[Start of Attachment]

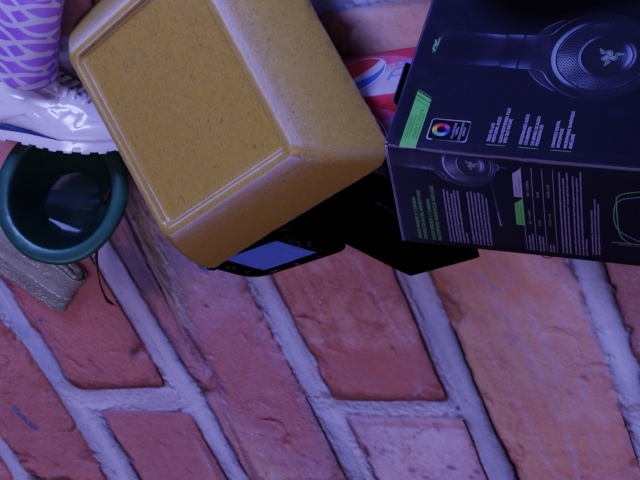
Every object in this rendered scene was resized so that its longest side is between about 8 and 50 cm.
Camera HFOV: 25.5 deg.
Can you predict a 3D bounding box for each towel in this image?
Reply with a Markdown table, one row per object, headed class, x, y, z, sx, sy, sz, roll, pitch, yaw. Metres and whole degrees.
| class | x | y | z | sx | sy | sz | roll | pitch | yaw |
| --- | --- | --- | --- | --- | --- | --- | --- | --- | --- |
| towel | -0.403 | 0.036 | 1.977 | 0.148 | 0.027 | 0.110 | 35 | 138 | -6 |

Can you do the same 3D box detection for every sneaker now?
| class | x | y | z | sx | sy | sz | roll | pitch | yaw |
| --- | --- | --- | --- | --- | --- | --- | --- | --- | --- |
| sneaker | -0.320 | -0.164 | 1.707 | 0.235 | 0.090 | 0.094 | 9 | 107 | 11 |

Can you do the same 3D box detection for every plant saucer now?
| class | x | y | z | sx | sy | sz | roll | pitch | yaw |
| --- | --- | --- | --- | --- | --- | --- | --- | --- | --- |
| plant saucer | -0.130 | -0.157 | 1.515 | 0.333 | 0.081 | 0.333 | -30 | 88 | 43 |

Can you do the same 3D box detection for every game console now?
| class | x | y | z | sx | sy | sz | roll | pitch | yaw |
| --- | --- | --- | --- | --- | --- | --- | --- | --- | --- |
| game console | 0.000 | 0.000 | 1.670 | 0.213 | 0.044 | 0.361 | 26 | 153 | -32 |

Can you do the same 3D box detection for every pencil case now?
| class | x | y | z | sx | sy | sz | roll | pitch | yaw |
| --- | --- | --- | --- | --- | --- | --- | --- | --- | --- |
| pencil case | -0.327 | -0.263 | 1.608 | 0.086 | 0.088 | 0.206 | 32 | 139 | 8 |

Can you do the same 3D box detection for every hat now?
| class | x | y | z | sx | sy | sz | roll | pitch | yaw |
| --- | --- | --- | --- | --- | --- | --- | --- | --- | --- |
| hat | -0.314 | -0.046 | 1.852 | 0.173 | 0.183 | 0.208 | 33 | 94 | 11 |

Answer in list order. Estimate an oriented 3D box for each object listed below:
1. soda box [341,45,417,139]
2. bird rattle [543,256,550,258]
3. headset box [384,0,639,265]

[End of Attachment]

**Task instructions**
Would you filter the records and copy out each line containing "this"?

**The completed task**
Every object in this rendered scene was resized so that its longest side is between about 8 and 50 cm.
Can you predict a 3D bounding box for each towel in this image?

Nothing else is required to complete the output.